Stock Market

Hong Kong jails 3 stock market manipulators for up to 80 months in landmark case


Three stock market traders were sentenced to up to six years and eight months in jail for manipulating shares of Ching Lee Holding, the Hong Kong High Court ruled on Monday, marking the city’s toughest crackdown yet on false trading of shares.

Sit Yi Ki, Lam Wing Ki, and Tam Cheuk Hang, were sentenced to between four years four months and six years eight months in jail, the heaviest sentence for such a criminal offence. They were found guilty in a landmark prosecution brought by the Securities and Futures Commission (SFC) in May.

The manipulation scheme is “a sophisticated and intricate conspiracy”, which has caused losses to genuine market participants and damage to Hong Kong’s reputation as a global financial centre, Douglas Yau Tak Hong, deputy judge of the Court of First Instance of the High Court, said during the sentencing hearing.

“A fair and efficient stock market is the prerequisite for maintaining our competitiveness in the region.” The maintenance of market order is of “paramount importance” for the people of Hong Kong, Yau said, while adding that the public should not be impacted by the trickle-down effects into the financial system, following such failures.

The sentenced trio manipulated trading in shares of Ching Lee Holdings, an investment holding company, primarily involved in construction, consultancy and project-management services listed on Hong Kong’s secondary GEM board.

The trading manipulation scheme was planned and commenced before Ching Lee’s initial public offering (IPO) on March 29, 2016, lasting for over five months.
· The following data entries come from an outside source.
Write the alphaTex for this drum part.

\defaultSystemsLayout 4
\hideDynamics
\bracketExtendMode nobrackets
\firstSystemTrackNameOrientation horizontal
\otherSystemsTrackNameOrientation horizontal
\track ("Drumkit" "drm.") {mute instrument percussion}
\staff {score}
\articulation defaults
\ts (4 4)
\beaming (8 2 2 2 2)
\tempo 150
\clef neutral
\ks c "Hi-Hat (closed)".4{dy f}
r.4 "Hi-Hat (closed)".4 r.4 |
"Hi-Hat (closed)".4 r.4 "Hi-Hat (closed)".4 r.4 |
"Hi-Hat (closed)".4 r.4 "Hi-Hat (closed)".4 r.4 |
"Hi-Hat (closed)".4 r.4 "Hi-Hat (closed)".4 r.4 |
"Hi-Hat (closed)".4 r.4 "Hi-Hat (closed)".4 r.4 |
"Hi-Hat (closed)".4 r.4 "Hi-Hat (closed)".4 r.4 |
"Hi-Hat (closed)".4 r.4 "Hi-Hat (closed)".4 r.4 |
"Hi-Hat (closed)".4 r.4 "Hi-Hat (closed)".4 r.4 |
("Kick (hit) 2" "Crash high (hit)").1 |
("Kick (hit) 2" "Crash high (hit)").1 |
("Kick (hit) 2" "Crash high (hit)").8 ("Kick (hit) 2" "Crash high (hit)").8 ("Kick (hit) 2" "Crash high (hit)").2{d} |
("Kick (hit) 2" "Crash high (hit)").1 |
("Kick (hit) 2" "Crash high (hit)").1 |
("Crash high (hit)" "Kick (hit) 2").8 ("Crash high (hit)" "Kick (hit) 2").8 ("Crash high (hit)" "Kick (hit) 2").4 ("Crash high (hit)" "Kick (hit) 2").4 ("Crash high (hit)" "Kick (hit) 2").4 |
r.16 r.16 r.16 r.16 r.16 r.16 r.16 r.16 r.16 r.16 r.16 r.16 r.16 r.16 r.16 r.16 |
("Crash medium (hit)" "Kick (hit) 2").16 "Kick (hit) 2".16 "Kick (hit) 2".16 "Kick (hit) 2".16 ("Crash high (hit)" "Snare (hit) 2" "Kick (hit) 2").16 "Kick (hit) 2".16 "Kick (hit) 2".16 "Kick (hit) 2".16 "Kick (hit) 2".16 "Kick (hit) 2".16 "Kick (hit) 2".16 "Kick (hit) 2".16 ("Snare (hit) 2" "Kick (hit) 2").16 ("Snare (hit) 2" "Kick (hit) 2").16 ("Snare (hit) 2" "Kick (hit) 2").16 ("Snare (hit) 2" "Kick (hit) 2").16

The conspirators artificially boosted turnover of the shares by conducting manipulative transactions among 156 securities accounts under their control, the judge said.
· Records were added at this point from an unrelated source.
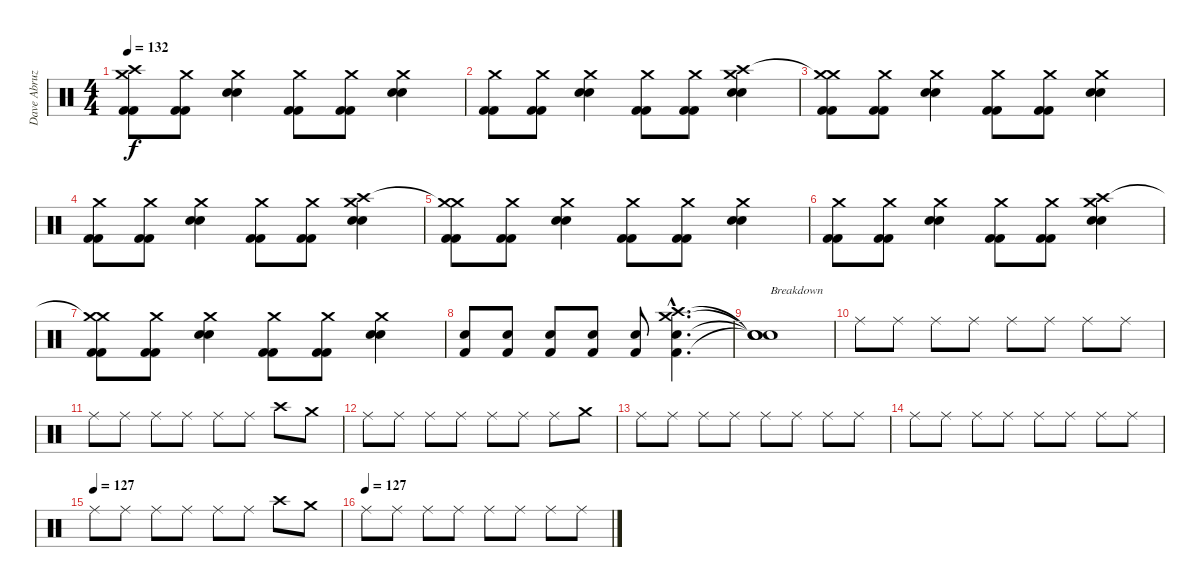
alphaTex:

\track ("Dave Abruzzesse" "Dave Abruz") {instrument percussion}
\staff {score}
\articulation defaults
\ts (4 4)
\tempo 132
\clef neutral
\ks c
("Crash high (hit)"{t} "Crash medium (hit)" "Kick (hit) 2" "Kick (hit) 2").8{dy f} ("Crash medium (hit)" "Kick (hit) 2" "Kick (hit) 2").8 ("Crash medium (hit)" "Snare (hit) 2" "Snare (hit) 2").4 ("Crash medium (hit)" "Kick (hit) 2" "Kick (hit) 2").8 ("Crash medium (hit)" "Kick (hit) 2" "Kick (hit) 2").8 ("Crash medium (hit)" "Snare (hit) 2" "Snare (hit) 2").4 |
("Crash medium (hit)" "Kick (hit) 2" "Kick (hit) 2").8 ("Crash medium (hit)" "Kick (hit) 2" "Kick (hit) 2").8 ("Crash medium (hit)" "Snare (hit) 2" "Snare (hit) 2").4 ("Crash medium (hit)" "Kick (hit) 2" "Kick (hit) 2").8 ("Crash medium (hit)" "Kick (hit) 2" "Kick (hit) 2").8 ("Crash high (hit)" "Crash medium (hit)" "Snare (hit) 2" "Snare (hit) 2").4 |
("Crash medium (hit)"{t} "Crash medium (hit)" "Kick (hit) 2" "Kick (hit) 2").8 ("Crash medium (hit)" "Kick (hit) 2" "Kick (hit) 2").8 ("Crash medium (hit)" "Snare (hit) 2" "Snare (hit) 2").4 ("Crash medium (hit)" "Kick (hit) 2" "Kick (hit) 2").8 ("Crash medium (hit)" "Kick (hit) 2" "Kick (hit) 2").8 ("Crash medium (hit)" "Snare (hit) 2" "Snare (hit) 2").4 |
("Crash medium (hit)" "Kick (hit) 2" "Kick (hit) 2").8 ("Crash medium (hit)" "Kick (hit) 2" "Kick (hit) 2").8 ("Crash medium (hit)" "Snare (hit) 2" "Snare (hit) 2").4 ("Crash medium (hit)" "Kick (hit) 2" "Kick (hit) 2").8 ("Crash medium (hit)" "Kick (hit) 2" "Kick (hit) 2").8 ("Crash high (hit)" "Crash medium (hit)" "Snare (hit) 2" "Snare (hit) 2").4 |
("Crash medium (hit)"{t} "Crash medium (hit)" "Kick (hit) 2" "Kick (hit) 2").8 ("Crash medium (hit)" "Kick (hit) 2" "Kick (hit) 2").8 ("Crash medium (hit)" "Snare (hit) 2" "Snare (hit) 2").4 ("Crash medium (hit)" "Kick (hit) 2" "Kick (hit) 2").8 ("Crash medium (hit)" "Kick (hit) 2" "Kick (hit) 2").8 ("Crash medium (hit)" "Snare (hit) 2" "Snare (hit) 2").4 |
("Crash medium (hit)" "Kick (hit) 2" "Kick (hit) 2").8 ("Crash medium (hit)" "Kick (hit) 2" "Kick (hit) 2").8 ("Crash medium (hit)" "Snare (hit) 2" "Snare (hit) 2").4 ("Crash medium (hit)" "Kick (hit) 2" "Kick (hit) 2").8 ("Crash medium (hit)" "Kick (hit) 2" "Kick (hit) 2").8 ("Crash high (hit)" "Crash medium (hit)" "Snare (hit) 2" "Snare (hit) 2").4 |
("Crash medium (hit)"{t} "Crash medium (hit)" "Kick (hit) 2" "Kick (hit) 2").8 ("Crash medium (hit)" "Kick (hit) 2" "Kick (hit) 2").8 ("Crash medium (hit)" "Snare (hit) 2" "Snare (hit) 2").4 ("Crash medium (hit)" "Kick (hit) 2" "Kick (hit) 2").8 ("Crash medium (hit)" "Kick (hit) 2" "Kick (hit) 2").8 ("Crash medium (hit)" "Snare (hit) 2" "Snare (hit) 2").4 |
("Snare (hit) 2" "Kick (hit) 2").8 ("Snare (hit) 2" "Kick (hit) 2").8 ("Snare (hit) 2" "Kick (hit) 2").8 ("Snare (hit) 2" "Kick (hit) 2").8 ("Snare (hit) 2" "Kick (hit) 2").8 ("Crash medium (hit)"{hac} "Crash high (hit)"{hac} "Snare (hit) 2"{hac} "Kick (hit) 2"{hac}).4{d} |
("Snare (hit)"{t} "Snare (hit)"{t} "Snare (hit)"{t} "Snare (hit)"{t}).1{txt "Breakdown"} |
"Ride (middle)".8 "Ride (middle)".8 "Ride (middle)".8 "Ride (middle)".8 "Ride (middle)".8 "Ride (middle)".8 "Ride (middle)".8 "Ride (middle)".8 |
"Ride (middle)".8 "Ride (middle)".8 "Ride (middle)".8 "Ride (middle)".8 "Ride (middle)".8 "Ride (middle)".8 "Crash high (hit)".8 "Crash medium (hit)".8 |
"Ride (middle)".8 "Ride (middle)".8 "Ride (middle)".8 "Ride (middle)".8 "Ride (middle)".8 "Ride (middle)".8 "Ride (middle)".8 "Crash medium (hit)".8 |
"Ride (middle)".8 "Ride (middle)".8 "Ride (middle)".8 "Ride (middle)".8 "Ride (middle)".8 "Ride (middle)".8 "Ride (middle)".8 "Ride (middle)".8 |
"Ride (middle)".8 "Ride (middle)".8 "Ride (middle)".8 "Ride (middle)".8 "Ride (middle)".8 "Ride (middle)".8 "Ride (middle)".8 "Ride (middle)".8 |
\tempo (127)
"Ride (middle)".8 "Ride (middle)".8 "Ride (middle)".8 "Ride (middle)".8 "Ride (middle)".8 "Ride (middle)".8 "Crash high (hit)".8 "Crash medium (hit)".8 |
\tempo (127)
"Ride (middle)".8 "Ride (middle)".8 "Ride (middle)".8 "Ride (middle)".8 "Ride (middle)".8 "Ride (middle)".8 "Ride (middle)".8 "Ride (middle)".8

The manipulative activities inflated Ching Lee’s share price by as much as 2,000 per cent from the IPO price to HK$5.71 in August 2016, before a collapse of 90 per cent on September 7, 2016. The scheme netted illicit profits of more than HK$124 million (US$15.9 million).

Nelson Ho Ming Hin and Simon Suen Man, the other two individuals alleged to have been involved in the market manipulation case, are still at large and currently wanted by authorities.